Printing Solid, Simple Metal Parts in Minutes, Spee3D Process Is Competition for Casting
Kinetic energy additive process bonds metal not through melting, but with the use of compressed shop air.
When I met Byron Kennedy last year at the Formnext show, he glanced around the exhibit hall floor and admitted, “We are not competing with 99 percent of the people here.” Other metal additive manufacturing technologies such as powder-bed fusion make medical implants or aircraft fuel nozzles. His metal 3D printing technology makes brackets and other seemingly simple metal parts—but his process makes these parts quickly and cheaply.
Kennedy is the co-founder and CEO of Spee3D, an Australian company that has developed “supersonic 3D deposition” into a process that additively builds metal parts. No heat is involved—that is, no melting—but instead metal powder is sprayed onto the build platform at speeds high enough that kinetic energy drives the metal bond. There is no laser on Spee3D’s machine, but rather the process is powered by a standard shop air compressor.

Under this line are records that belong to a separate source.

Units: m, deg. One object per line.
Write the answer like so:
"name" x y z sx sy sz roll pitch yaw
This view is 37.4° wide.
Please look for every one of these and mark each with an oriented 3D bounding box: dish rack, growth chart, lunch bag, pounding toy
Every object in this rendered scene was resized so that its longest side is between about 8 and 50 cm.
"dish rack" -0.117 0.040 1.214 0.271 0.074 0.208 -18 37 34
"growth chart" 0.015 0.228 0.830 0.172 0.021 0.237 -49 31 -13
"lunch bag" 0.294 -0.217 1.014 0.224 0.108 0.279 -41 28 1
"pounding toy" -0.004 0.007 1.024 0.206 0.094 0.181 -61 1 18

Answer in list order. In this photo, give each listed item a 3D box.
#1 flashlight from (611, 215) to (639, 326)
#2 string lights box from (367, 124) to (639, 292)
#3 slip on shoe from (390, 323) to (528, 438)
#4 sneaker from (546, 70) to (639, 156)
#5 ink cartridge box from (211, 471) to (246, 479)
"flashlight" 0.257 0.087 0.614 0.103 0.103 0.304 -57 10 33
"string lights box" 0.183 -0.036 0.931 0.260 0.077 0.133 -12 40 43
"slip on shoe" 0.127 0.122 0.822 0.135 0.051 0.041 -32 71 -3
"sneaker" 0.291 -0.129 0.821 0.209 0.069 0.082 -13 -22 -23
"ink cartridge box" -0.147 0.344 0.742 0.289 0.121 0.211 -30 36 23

The company’s technology is based on a mechanism long used by the U.S. military for manual repair, with the metal spray directed by hand. Figuring out how to translate CAD files into programmed movement for the seven-axis robot manipulating a flat build surface around the stationary nozzle was perhaps the biggest challenge of developing this machine. But accomplishing this resulted in a method of building metal 3D parts that is fast relative to other AM processes—100 to 1,000 times the deposition rate of powder-bed machines, Kennedy says.
The resulting parts look and function much like castings. He sees casting, not other metal AM systems, as his chief competition. With the ability to produce solid forms six or eight inches in their longest dimension within a build time of 10 or 15 minutes, he says that “in the time it takes you to ask for a quote on a casting, we can print one.”